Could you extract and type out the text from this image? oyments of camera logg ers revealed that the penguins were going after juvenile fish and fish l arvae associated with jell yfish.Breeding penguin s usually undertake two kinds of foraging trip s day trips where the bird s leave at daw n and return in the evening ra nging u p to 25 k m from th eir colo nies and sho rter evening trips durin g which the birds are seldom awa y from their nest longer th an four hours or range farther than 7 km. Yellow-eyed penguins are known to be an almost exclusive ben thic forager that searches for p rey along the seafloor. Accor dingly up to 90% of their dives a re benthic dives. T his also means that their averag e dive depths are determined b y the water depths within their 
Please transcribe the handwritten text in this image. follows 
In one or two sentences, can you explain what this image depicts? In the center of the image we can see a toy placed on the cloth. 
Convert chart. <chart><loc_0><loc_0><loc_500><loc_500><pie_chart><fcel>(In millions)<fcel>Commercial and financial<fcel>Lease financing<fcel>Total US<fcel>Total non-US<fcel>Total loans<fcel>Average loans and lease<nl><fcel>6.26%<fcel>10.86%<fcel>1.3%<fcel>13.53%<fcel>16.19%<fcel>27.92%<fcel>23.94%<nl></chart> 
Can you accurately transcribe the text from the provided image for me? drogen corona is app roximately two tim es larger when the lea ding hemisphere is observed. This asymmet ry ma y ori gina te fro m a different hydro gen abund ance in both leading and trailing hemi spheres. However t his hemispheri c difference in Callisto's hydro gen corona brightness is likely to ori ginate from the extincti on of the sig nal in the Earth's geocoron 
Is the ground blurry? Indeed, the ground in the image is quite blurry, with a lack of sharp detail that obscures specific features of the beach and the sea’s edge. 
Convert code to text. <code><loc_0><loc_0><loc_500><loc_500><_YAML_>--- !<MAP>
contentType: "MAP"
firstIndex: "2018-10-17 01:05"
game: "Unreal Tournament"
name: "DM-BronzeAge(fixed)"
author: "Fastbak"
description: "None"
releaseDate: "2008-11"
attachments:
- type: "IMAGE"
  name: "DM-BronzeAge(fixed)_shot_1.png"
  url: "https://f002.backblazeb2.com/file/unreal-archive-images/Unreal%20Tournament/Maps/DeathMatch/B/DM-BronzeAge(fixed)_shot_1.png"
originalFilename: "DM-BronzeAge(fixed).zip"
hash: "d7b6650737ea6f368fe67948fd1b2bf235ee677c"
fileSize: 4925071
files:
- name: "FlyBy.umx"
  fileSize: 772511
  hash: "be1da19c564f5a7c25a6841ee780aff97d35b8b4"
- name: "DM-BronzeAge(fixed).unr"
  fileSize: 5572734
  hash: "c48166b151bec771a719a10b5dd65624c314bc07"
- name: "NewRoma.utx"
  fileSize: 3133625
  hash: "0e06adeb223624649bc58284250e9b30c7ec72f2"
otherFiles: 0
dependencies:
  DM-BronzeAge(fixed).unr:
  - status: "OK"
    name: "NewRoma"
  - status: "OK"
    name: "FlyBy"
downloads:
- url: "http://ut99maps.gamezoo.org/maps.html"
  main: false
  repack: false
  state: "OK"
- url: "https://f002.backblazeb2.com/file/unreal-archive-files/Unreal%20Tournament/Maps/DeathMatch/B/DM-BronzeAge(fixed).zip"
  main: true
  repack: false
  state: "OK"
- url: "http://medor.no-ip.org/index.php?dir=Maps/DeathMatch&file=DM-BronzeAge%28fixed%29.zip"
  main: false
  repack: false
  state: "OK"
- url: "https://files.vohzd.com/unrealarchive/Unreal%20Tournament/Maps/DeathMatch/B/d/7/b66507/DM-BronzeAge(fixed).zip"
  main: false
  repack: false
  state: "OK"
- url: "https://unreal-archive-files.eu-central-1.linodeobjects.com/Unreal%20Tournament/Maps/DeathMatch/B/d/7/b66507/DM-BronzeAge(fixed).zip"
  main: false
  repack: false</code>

● ● ●

### YOUR INSTRUCTIONS
Please show the lines of the material that contain the string "fileSize".

### SOLUTION FOR THIS EXERCISE
fileSize: 4925071
  fileSize: 772511
  fileSize: 5572734
  fileSize: 3133625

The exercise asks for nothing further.